This week I got my notice from the government about how much they think my house is worth. They clearly didn’t spend much time on my house because my assessment went up by exactly the average amount in my area, 13%.
Fortunately, this doesn’t mean that my property taxes will go up by 13%. City governments don’t collect more taxes when property values rise and less when property values fall. What actually happens is the city decides on the total amount they will collect from homeowners, and then divides that amount among homeowners in proportion to assessed property values.

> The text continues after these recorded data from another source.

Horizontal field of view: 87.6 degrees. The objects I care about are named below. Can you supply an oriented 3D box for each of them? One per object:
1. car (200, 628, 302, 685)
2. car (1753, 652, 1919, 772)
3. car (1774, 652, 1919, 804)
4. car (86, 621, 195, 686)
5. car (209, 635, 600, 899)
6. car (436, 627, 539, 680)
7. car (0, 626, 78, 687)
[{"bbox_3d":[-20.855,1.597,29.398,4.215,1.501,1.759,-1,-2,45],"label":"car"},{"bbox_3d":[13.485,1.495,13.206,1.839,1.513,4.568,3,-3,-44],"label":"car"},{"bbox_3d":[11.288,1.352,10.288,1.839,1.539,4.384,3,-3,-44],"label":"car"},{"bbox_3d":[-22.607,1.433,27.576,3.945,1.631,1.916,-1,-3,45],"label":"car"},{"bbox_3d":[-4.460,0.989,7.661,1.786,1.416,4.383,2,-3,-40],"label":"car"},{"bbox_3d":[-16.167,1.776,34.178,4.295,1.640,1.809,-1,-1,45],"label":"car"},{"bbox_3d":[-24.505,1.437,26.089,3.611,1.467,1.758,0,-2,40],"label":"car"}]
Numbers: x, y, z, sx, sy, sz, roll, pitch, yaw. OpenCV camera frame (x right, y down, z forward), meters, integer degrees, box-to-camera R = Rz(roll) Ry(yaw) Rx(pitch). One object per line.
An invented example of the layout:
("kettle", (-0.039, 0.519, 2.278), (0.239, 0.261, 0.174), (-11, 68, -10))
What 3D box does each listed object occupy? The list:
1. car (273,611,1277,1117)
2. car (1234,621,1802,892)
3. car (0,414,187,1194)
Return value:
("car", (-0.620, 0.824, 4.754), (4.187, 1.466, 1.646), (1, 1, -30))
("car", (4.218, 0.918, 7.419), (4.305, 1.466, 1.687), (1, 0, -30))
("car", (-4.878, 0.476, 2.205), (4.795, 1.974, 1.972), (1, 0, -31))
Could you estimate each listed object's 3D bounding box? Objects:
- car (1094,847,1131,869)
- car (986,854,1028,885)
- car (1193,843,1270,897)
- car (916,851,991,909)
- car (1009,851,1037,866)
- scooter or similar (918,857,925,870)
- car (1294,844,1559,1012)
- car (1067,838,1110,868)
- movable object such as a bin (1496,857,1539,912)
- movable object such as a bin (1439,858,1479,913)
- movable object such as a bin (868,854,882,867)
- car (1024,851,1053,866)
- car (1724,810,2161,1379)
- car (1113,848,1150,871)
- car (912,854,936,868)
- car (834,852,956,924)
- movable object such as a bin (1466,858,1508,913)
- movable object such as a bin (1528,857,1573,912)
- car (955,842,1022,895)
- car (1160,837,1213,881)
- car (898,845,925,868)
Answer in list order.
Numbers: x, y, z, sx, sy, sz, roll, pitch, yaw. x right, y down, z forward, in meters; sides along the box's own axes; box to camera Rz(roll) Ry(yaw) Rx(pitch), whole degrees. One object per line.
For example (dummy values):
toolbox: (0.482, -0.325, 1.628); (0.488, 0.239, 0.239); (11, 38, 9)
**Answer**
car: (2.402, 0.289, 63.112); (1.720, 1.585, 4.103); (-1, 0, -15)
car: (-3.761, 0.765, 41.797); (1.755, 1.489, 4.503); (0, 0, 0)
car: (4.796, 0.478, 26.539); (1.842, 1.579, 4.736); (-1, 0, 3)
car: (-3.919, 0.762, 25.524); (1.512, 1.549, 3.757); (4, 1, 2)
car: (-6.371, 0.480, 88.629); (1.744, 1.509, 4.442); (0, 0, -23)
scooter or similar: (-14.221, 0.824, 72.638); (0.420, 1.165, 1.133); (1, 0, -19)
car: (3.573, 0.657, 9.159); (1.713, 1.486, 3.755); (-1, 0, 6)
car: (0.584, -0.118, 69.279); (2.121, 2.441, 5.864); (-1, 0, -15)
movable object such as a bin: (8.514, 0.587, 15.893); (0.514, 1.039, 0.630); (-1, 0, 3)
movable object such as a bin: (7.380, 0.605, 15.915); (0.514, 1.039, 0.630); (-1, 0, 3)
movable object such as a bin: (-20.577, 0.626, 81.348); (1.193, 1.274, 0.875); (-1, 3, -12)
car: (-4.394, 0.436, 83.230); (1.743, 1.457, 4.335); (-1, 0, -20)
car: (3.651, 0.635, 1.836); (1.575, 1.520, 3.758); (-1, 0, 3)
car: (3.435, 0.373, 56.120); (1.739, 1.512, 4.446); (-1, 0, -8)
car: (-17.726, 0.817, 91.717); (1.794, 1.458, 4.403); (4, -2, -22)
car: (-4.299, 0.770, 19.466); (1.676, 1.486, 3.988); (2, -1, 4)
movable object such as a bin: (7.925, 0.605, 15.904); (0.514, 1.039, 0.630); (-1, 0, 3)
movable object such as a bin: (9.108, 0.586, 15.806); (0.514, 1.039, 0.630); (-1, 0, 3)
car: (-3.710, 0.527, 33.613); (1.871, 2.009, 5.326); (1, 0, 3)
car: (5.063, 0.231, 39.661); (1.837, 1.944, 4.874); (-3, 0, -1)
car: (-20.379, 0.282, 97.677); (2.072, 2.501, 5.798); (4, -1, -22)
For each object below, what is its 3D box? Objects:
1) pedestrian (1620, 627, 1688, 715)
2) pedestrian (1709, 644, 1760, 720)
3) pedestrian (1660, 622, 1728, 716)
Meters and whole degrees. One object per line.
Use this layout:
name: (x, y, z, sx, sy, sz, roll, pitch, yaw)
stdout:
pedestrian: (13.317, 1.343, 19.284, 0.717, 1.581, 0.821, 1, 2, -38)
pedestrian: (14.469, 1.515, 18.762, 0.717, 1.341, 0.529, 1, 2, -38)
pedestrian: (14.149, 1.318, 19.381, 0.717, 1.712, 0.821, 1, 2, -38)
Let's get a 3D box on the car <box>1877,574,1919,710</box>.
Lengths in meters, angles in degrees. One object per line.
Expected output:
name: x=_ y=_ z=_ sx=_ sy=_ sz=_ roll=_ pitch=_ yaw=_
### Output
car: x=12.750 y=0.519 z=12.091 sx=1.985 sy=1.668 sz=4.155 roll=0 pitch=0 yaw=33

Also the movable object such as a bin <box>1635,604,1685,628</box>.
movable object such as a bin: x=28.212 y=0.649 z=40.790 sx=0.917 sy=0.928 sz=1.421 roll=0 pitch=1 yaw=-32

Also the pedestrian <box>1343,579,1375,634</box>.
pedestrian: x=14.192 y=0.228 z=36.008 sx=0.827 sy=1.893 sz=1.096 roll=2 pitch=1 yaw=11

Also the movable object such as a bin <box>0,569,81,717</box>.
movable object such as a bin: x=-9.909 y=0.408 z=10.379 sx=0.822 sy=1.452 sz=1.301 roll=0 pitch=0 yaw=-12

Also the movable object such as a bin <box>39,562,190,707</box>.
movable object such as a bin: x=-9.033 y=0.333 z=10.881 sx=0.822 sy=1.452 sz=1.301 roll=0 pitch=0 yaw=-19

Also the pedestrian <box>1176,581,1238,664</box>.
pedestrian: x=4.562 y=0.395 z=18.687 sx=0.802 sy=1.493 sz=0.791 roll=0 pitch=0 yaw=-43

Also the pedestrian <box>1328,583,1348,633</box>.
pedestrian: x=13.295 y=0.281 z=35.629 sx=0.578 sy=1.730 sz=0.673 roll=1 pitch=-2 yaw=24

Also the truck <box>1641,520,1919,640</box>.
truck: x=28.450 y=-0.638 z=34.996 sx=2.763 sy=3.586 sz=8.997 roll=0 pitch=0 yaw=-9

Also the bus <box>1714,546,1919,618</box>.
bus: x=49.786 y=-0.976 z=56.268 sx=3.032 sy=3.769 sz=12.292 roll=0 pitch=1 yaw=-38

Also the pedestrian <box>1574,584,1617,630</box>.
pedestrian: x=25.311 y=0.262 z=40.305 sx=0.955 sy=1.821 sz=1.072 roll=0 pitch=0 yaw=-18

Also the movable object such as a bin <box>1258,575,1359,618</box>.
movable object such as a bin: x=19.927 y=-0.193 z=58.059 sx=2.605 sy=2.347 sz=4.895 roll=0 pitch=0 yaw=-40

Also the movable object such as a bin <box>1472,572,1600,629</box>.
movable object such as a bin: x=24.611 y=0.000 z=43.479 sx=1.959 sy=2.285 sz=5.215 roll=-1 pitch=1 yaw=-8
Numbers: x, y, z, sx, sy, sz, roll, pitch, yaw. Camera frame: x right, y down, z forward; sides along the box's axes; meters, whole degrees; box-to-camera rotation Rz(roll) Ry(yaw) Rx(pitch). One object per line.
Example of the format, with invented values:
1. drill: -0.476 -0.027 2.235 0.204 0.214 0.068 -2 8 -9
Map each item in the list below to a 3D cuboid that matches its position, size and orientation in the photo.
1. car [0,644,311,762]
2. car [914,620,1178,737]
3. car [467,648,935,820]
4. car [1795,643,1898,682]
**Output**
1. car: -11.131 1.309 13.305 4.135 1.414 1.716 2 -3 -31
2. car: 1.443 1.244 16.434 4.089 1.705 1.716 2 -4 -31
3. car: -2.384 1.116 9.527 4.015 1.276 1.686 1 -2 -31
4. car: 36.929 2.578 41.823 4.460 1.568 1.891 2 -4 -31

For example, if the city needs $1 billion from us, and the total value of all houses is $80 billion, then the tax rate is set at 1/80=1.25%. A house worth $320,000 would pay $4000 in property taxes. If property values had plummeted to a total of $50 billion, then the tax rate would have been set at 1/50=2%. The house that was worth $320,000 in good times is probably worth only $200,000 in bad times, but would still pay $4000 in property taxes (2% of $200,000).
With this type of system, what really matters to your property taxes is how much the value of your house rises compared to everyone else. Suppose that the city increases taxes by an average of 5% from last year to this year. My house’s assessed value went up by exactly the average amount, 13%. So, my tax increase will be 5%. If my assessment had gone up by 17%, then my taxes would have gone up by about 4% more than average, or about 9%.
One other wrinkle for my area is that new property values will be phased in over four years. This was done to reduce the shock for homeowners whose assessments changed dramatically. If no new assessments are done in the next four years, then I can look forward to paying exactly the average tax increase each year. If my assessment had gone up by 17% instead of the average 13%, then I could look forward to seeing my property taxes increase by about 1% more than the average for each of the next four years.